The sudden loss of a flagship contract reverberates beyond Sama’s workforce, threatening the broader Kenyan digital‑jobs agenda championed by government and development agencies. While Sama touts living wages, health benefits, and mental‑health support, the reality of mass layoffs underscores the limited bargaining power of African outsourcing firms. Labor activists have long criticized the emotional toll of content‑moderation work, and the recent Swedish investigation into privacy violations linked to Meta’s AI glasses adds a layer of reputational risk. As companies reassess offshore data‑labeling strategies, Kenya’s labor market may face a wave of underemployment unless diversification occurs.

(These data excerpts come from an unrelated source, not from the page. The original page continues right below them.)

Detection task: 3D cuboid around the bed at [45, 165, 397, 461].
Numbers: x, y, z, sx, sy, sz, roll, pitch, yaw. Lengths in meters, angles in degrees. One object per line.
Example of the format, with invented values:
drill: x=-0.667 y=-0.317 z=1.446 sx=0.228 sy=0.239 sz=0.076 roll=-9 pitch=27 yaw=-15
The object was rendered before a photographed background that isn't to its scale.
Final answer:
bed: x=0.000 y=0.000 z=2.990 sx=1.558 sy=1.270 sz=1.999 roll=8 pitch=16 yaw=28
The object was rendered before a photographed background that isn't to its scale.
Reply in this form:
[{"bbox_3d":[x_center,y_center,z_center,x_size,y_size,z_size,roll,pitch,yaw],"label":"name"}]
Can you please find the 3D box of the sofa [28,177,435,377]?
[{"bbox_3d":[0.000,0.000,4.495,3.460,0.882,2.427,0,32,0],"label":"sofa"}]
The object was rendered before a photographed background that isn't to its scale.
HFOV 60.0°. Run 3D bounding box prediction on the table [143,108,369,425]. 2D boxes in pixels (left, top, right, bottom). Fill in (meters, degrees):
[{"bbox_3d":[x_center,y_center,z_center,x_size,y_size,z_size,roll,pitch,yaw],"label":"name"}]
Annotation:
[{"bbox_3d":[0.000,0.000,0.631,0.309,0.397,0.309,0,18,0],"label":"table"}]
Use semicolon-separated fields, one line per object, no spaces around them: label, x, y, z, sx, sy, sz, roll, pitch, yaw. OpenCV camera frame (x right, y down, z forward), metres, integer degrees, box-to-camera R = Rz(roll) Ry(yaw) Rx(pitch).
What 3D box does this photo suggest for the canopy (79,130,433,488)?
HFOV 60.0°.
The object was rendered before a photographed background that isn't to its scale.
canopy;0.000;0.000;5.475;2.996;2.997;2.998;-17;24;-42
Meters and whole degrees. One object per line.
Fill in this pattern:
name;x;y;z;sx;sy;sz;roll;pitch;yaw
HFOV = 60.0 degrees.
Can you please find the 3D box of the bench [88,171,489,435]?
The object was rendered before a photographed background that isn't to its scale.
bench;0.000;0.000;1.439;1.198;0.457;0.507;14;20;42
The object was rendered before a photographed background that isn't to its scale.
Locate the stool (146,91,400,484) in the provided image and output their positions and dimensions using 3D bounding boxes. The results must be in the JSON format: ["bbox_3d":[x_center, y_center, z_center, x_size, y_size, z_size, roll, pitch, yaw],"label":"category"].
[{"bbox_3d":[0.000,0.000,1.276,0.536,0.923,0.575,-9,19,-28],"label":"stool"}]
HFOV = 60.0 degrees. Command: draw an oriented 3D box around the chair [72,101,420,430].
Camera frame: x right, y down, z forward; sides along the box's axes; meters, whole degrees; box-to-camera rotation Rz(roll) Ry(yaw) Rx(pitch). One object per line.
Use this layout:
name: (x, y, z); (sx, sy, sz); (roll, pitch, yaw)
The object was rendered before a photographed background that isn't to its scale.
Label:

Looking ahead, the industry must pivot toward a more resilient client mix and invest in higher‑value services such as model evaluation, AI ethics consulting, and localized AI product development. Policymakers could incentivize domestic AI research and encourage multinational firms to spread contracts across multiple African partners, reducing dependency on single‑client relationships. For Sama, maintaining rigorous data‑security standards and expanding into new verticals will be essential to retain relevance. The episode serves as a cautionary tale for emerging AI hubs: sustainable growth hinges on diversified revenue streams, robust worker protections, and transparent governance of the data that powers tomorrow’s algorithms.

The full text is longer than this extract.